Un jour, sans le savoir, Jacques Becker a permis à Jean Gabin de vieillir. C'était en 1954, pour Touchez pas au grisbi, un beau film d'une étrange modernité. Becker a aussi permis à Gabin, ce qui est pire, de se trouver une flopée de jeunes disciples prêts à imiter son jeu rauque et fatigué. Pas Lino Ventura, évidemment, dont le corps massif l'a toujours protégé de la paresse et du n'importe quoi enfilé vite fait comme un costume de clodo, d'aristo, de juge, de poivrot, de flic, de truand, de Bourrel, de Verneuil, de Maigret, de tête de lard, de râleur professionnel.

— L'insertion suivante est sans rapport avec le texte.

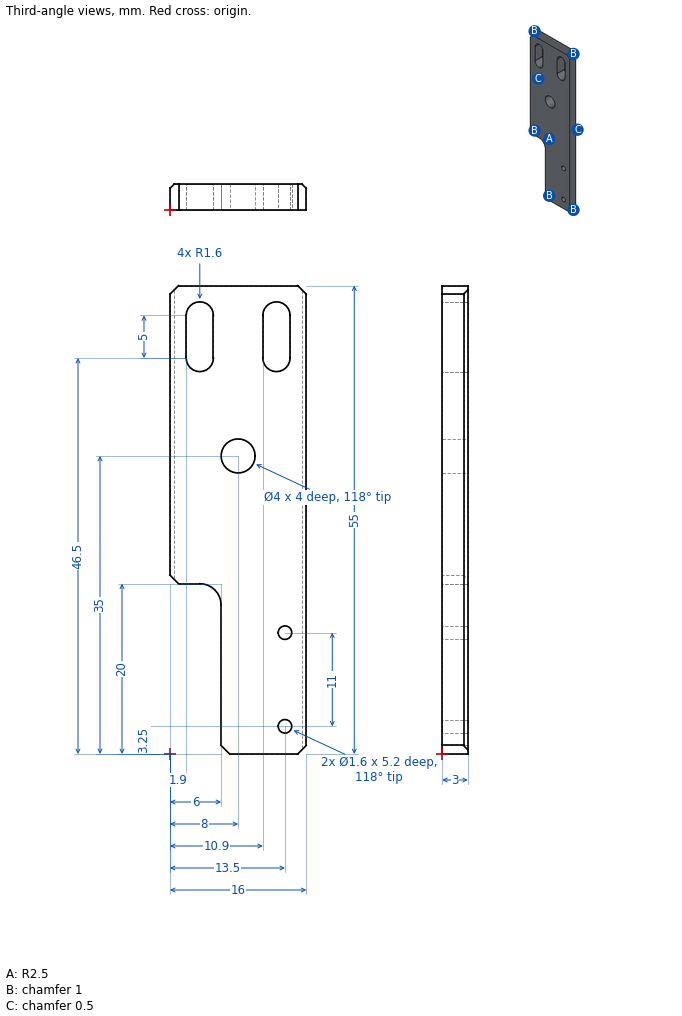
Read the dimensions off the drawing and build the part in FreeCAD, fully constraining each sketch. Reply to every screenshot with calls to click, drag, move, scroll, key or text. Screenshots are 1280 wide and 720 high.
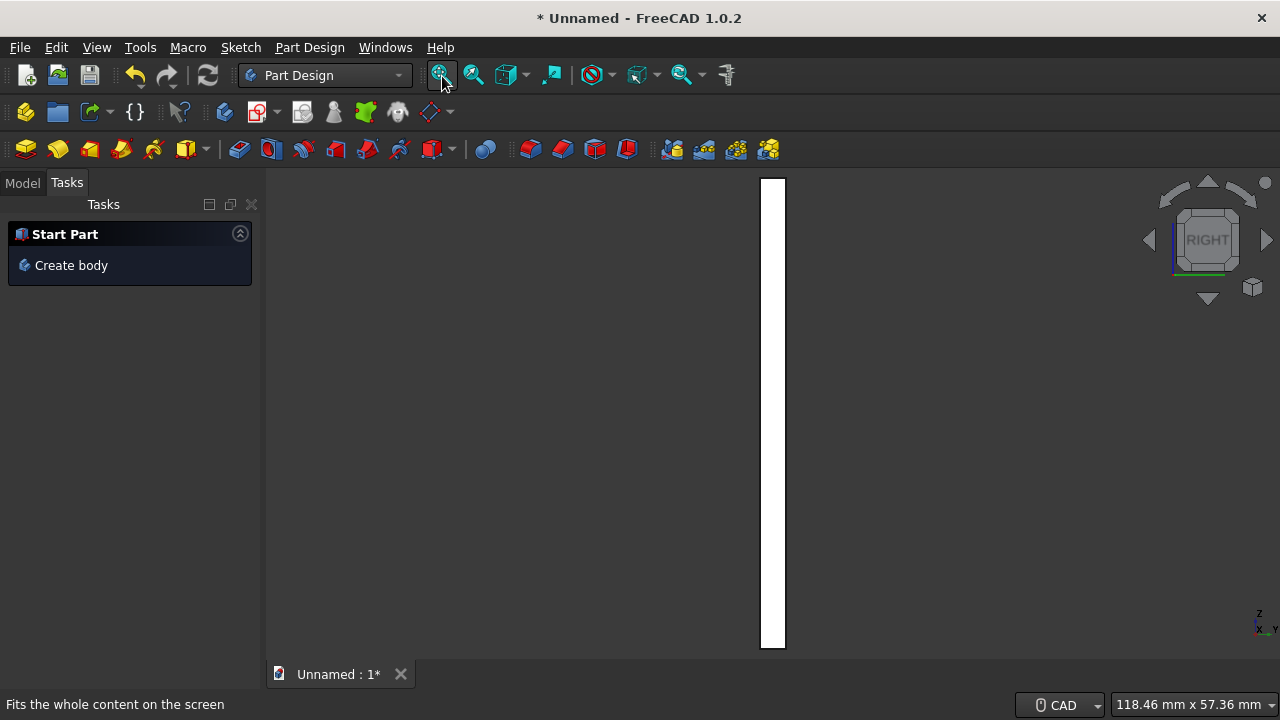
key(5)

Une déclamation de gentleman-farmer énervé, dont la descendance emphatique (Delon, Belmondo, Bohringer, Giraudeau...) mettra des années à se libérer, si elle y arrive un jour. Jusqu'au film de Becker, Gabin avait été un personnage insituable, entre Tino Rossi et Maurice Chevalier, séducteur torve et chanteur approximatif, capable d'une belle subtilité quand c'était Renoir, Ophuls et surtout Duvivier qui le regardaient venir.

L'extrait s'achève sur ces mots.